To evaluate the performance of the integrated VCSEL, we measured the beam spot size in the far field first, as shown in Figure 8. It can be seen that the far-field angle (half divergence angle) measured by a PicoScope oscilloscope beam scanner is calculated in terms of the beam spot size and the corresponding interval distances are 0.2° and 9° with and without the integrated metalens, respectively. To further evaluate the VCSEL performance, we tested the P-I and I-V curves before and after the integration, as shown in Figure 9A and B. As can be seen, the power of the metalensed VCSEL linearly increases with increasing injection current.
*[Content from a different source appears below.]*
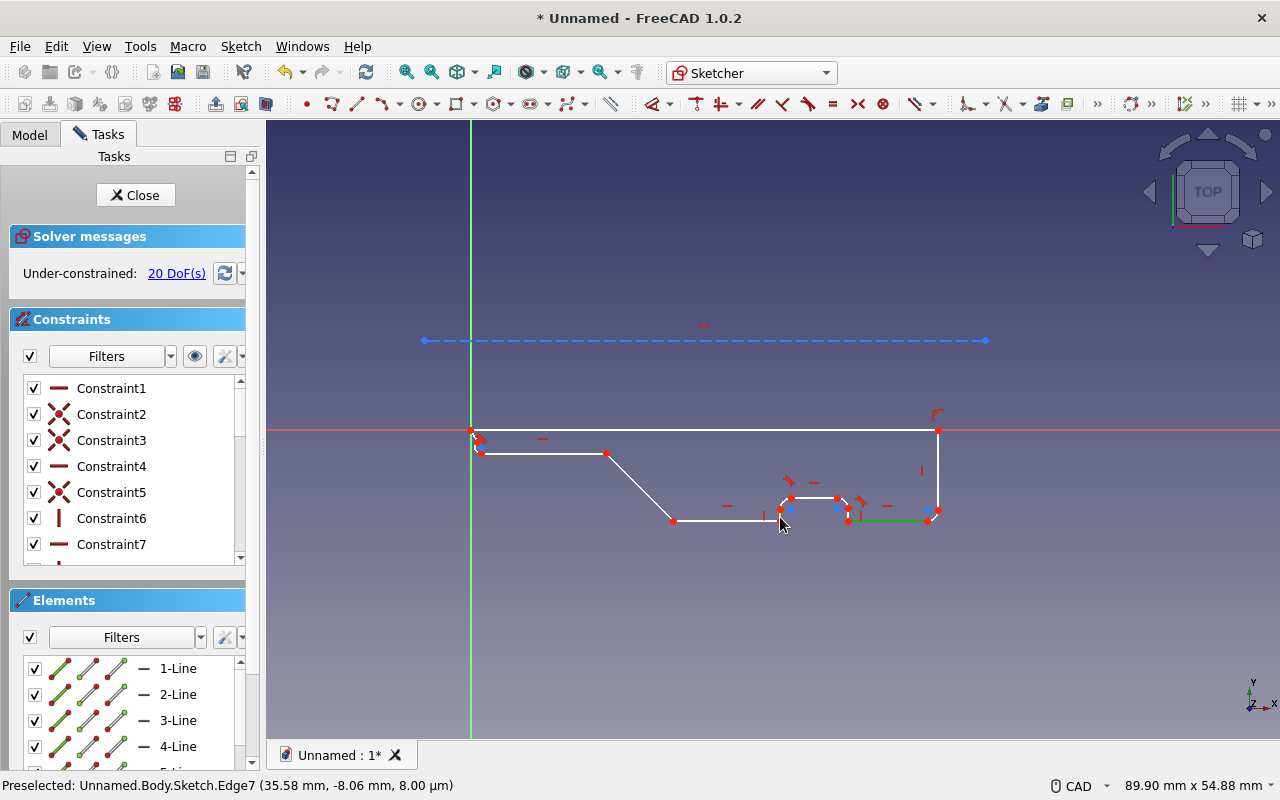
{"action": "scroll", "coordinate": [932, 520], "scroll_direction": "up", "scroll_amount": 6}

For the I-V curve, it is approximately linearly increasing when the injection current is larger than 1 mA. The calculated Q factor of the integrated VCSEL is 5780. The results demonstrate that the metalensed VCSEL is capable of emitting a collimation beam in the far-field region. It is promising for the miniaturization of some optical systems such as LIDAR system and endoscopy.

Figure 8:

Probing results with injection current of 3 mA, far-field angle (half divergence angle) measured by a PicoScope oscilloscope beam scanner, the angles calculated in terms of incline angle of the lines are 0.4° and 18° with and without the integrated metalens, respectively.

Figure 9:

Comparison of characteristics of the VCSELs with and without the metalenses.

(A) P-I curves before and after the integration. (B) I-V curves before and after the integration.

4 Summary

In summary, an anomalous beaming effect of the periodic metallic corrugations for a special case of k_SP=2π/Λ is analyzed and verified by means of both theoretical calculation and experimental probing. The design results show that the metalens can realize the beaming of collimation in a far-field region. As a typical application example, the designed metalens is integrated together with a VCSEL on the top surface of the emitting aperture. The full beaming angles calculated on the basis of the beam spot sizes measured in the far-field region are 0.4° and 18° with and without the integrated metalens, respectively. Further performance testing results of the P-I and I-V curves demonstrate that the metalensed VCSEL is applicable for practical use.